:: Data records ::
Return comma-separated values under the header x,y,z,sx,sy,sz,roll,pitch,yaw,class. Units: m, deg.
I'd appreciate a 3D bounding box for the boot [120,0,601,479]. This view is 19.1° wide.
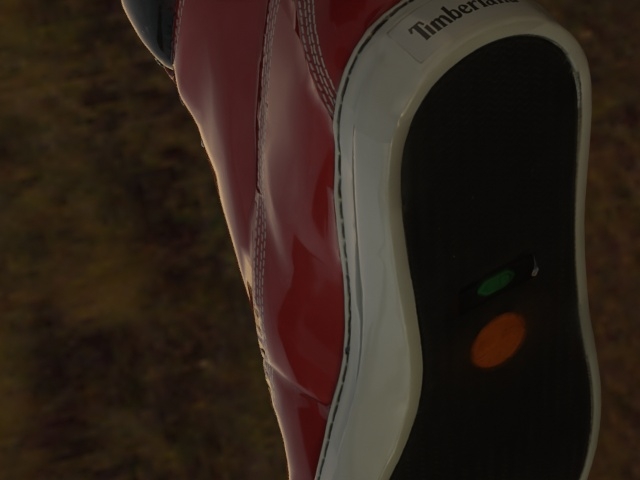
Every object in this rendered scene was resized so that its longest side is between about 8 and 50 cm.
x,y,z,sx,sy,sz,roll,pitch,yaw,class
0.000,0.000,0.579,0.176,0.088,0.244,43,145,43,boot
:::
:: Data records ::
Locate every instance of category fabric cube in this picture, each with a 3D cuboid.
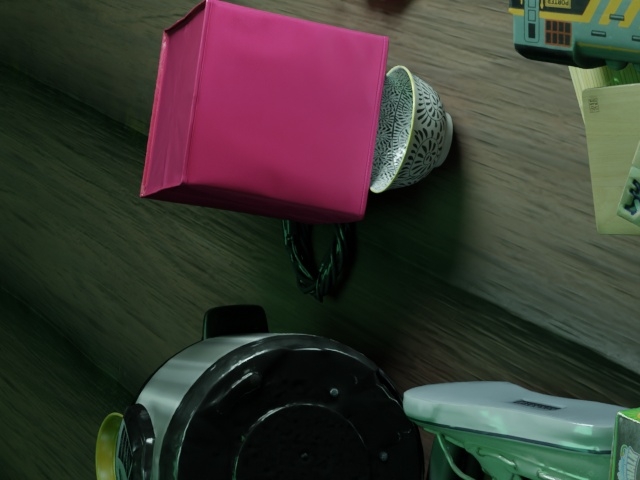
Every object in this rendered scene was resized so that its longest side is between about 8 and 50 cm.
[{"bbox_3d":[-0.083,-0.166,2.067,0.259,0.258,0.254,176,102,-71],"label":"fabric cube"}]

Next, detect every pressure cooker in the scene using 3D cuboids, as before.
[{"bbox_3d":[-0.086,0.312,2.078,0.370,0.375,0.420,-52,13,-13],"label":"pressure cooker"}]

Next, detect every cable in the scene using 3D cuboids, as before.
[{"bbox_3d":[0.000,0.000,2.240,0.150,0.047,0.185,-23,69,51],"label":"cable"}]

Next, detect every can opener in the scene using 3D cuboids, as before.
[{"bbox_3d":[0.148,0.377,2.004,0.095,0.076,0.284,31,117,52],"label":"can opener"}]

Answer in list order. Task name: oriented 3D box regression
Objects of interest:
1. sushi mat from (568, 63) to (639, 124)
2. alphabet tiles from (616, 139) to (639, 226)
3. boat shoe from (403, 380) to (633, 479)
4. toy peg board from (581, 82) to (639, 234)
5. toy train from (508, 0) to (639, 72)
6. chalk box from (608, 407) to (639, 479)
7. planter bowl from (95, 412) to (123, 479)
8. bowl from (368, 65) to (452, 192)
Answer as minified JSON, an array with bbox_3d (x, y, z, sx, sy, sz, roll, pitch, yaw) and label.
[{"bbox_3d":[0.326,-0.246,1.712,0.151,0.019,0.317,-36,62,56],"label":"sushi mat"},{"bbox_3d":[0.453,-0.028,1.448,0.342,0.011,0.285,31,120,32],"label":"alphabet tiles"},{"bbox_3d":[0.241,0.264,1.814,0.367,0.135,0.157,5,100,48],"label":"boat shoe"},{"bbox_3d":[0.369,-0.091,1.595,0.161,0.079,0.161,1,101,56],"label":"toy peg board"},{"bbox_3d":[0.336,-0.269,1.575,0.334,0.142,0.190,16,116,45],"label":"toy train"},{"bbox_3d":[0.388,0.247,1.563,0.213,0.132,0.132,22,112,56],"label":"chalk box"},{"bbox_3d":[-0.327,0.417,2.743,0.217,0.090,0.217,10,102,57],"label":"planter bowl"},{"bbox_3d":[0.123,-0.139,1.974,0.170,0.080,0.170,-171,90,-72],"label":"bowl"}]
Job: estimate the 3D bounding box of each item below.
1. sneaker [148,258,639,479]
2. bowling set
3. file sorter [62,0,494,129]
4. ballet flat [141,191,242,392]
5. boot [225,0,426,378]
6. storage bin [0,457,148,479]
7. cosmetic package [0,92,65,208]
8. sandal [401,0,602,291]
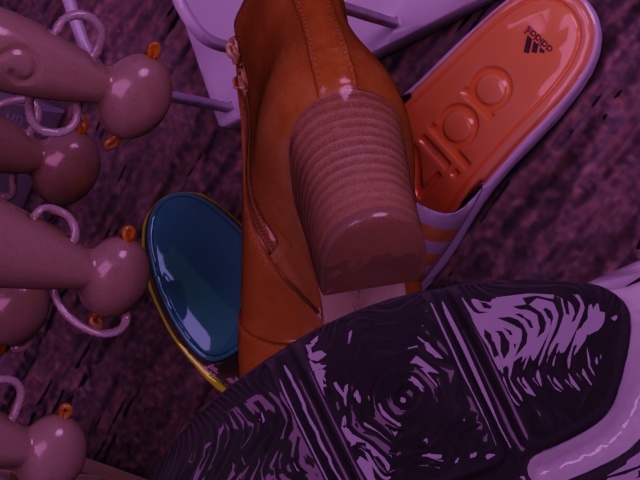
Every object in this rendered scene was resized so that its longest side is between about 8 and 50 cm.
:::
:: Data records ::
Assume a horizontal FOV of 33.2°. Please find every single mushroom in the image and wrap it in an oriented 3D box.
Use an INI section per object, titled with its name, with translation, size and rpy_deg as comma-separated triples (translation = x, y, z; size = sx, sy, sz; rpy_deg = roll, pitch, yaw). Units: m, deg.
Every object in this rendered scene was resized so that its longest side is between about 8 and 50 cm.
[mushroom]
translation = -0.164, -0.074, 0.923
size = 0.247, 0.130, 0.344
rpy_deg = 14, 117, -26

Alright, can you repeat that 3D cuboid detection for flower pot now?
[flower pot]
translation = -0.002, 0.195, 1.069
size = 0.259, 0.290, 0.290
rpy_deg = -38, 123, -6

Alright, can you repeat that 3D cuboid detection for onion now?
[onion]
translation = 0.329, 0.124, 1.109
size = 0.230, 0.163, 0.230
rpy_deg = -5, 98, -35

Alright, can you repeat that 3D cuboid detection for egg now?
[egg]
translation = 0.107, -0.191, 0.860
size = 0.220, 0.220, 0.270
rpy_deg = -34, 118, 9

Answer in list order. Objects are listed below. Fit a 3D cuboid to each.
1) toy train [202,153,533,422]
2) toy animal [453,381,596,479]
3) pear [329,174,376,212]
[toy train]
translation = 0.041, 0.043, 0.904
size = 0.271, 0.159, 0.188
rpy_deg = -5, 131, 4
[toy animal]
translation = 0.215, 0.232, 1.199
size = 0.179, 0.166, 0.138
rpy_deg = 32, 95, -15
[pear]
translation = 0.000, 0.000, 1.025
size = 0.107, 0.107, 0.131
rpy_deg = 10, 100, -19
:::
**What to produce**. Only the lines above from the one with "2. alphabet tiles" through the one with "8. bowl from (368, 65) to (452, 192)" should be duplicated, character for character.

**Reply**.
2. alphabet tiles from (616, 139) to (639, 226)
3. boat shoe from (403, 380) to (633, 479)
4. toy peg board from (581, 82) to (639, 234)
5. toy train from (508, 0) to (639, 72)
6. chalk box from (608, 407) to (639, 479)
7. planter bowl from (95, 412) to (123, 479)
8. bowl from (368, 65) to (452, 192)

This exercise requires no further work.